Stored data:
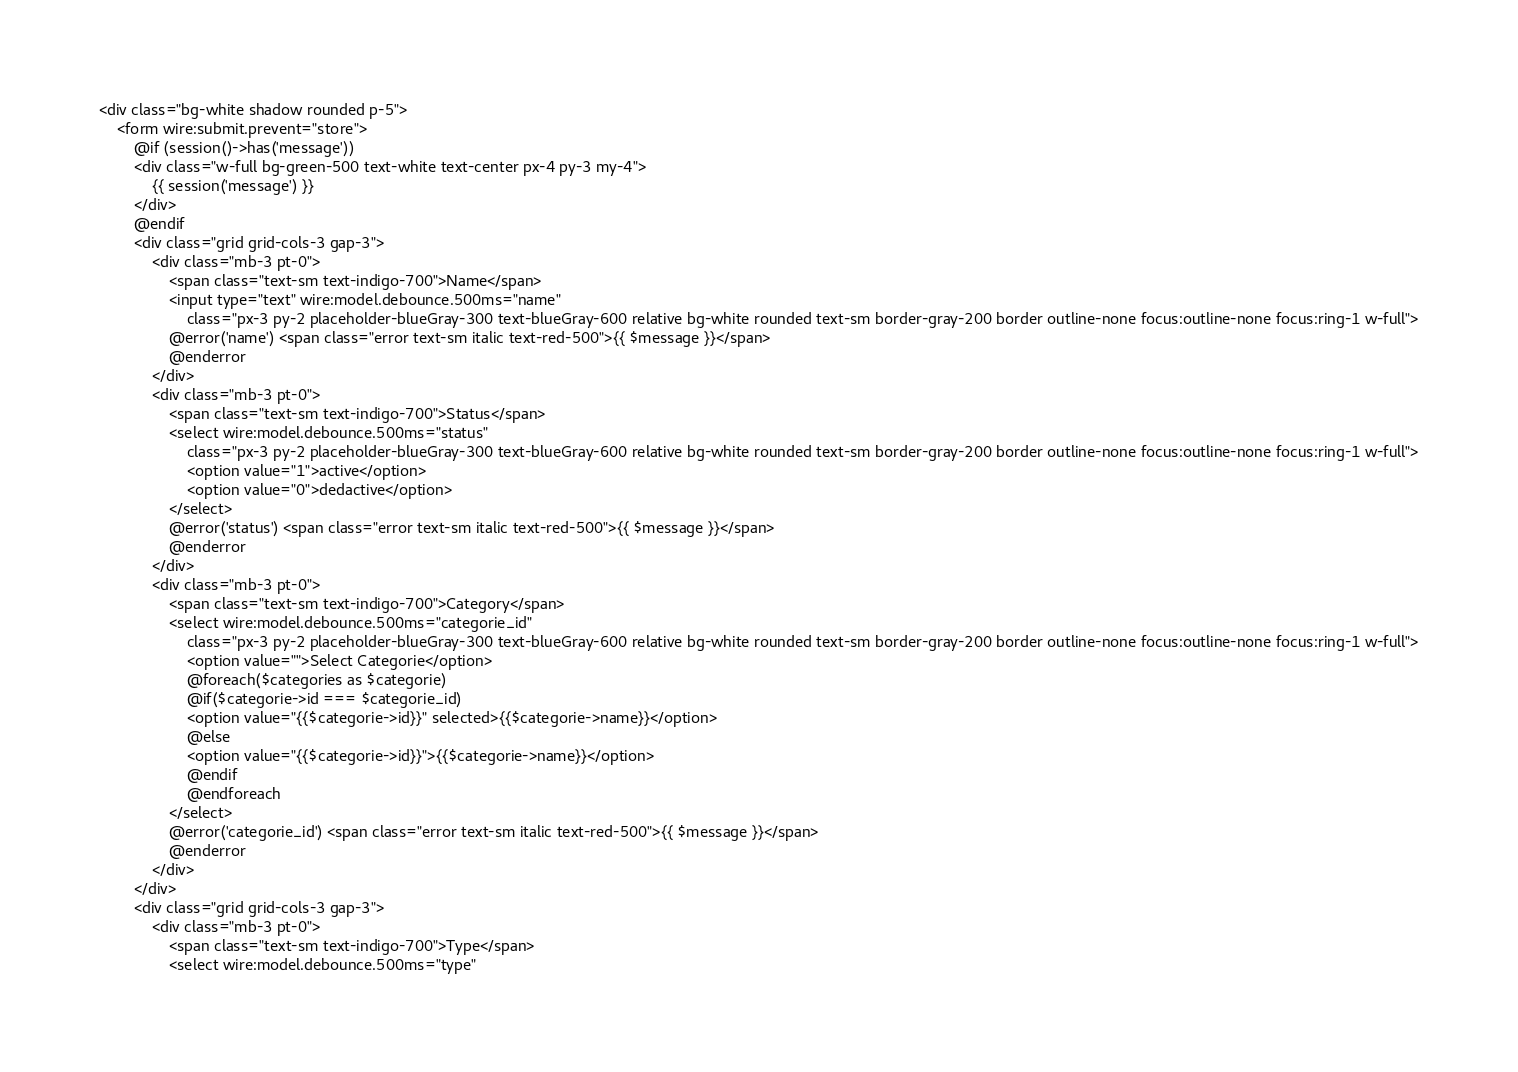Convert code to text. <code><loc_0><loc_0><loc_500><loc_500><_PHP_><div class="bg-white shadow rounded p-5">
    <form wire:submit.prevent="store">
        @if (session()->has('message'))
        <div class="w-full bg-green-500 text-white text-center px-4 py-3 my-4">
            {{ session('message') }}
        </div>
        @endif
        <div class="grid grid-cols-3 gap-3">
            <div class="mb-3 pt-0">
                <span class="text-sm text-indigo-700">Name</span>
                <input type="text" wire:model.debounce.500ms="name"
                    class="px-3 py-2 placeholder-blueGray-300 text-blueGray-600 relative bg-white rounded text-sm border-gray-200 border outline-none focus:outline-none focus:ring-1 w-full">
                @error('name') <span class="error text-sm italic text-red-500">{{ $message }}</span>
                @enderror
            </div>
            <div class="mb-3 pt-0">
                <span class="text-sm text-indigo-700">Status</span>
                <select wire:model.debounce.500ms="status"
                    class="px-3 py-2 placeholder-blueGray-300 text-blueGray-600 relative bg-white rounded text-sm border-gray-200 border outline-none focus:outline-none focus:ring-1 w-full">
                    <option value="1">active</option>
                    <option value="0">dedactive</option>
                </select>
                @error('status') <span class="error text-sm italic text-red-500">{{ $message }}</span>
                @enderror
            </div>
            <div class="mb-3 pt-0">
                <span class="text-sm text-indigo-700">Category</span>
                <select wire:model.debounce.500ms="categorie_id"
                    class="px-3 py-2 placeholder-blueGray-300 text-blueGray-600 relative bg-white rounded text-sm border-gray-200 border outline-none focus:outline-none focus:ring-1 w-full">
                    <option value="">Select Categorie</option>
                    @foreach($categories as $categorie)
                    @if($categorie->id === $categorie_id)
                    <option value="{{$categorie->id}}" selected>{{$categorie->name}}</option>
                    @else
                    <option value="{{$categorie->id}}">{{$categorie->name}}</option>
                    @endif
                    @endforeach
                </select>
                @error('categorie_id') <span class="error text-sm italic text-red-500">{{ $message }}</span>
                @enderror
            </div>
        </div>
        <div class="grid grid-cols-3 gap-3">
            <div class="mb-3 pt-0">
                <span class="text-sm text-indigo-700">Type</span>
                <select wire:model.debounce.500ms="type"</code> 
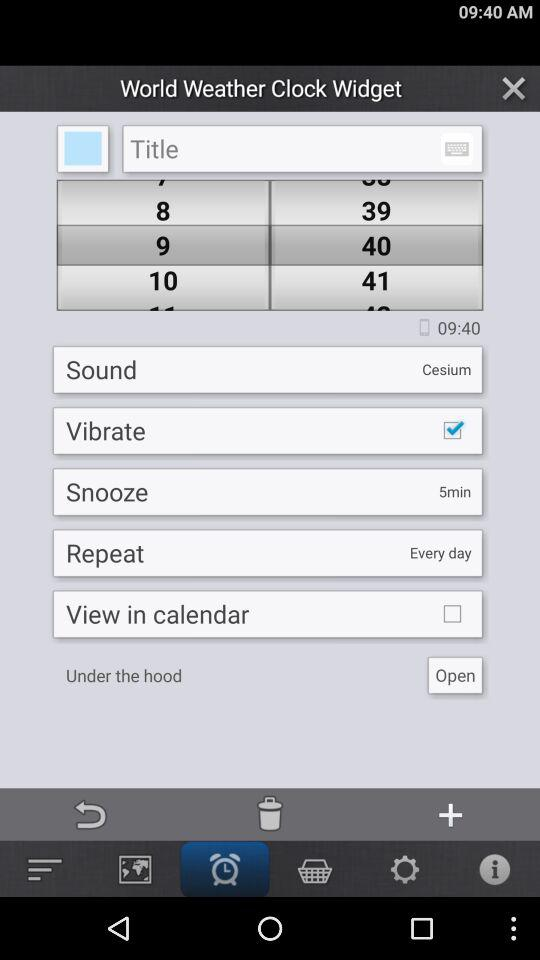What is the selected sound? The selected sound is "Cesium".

* **Task brief**: Only lines holding the word "italic" belong in the answer; copy all of them from the records.

* **Response box**:
                @error('name') <span class="error text-sm italic text-red-500">{{ $message }}</span>
                @error('status') <span class="error text-sm italic text-red-500">{{ $message }}</span>
                @error('categorie_id') <span class="error text-sm italic text-red-500">{{ $message }}</span>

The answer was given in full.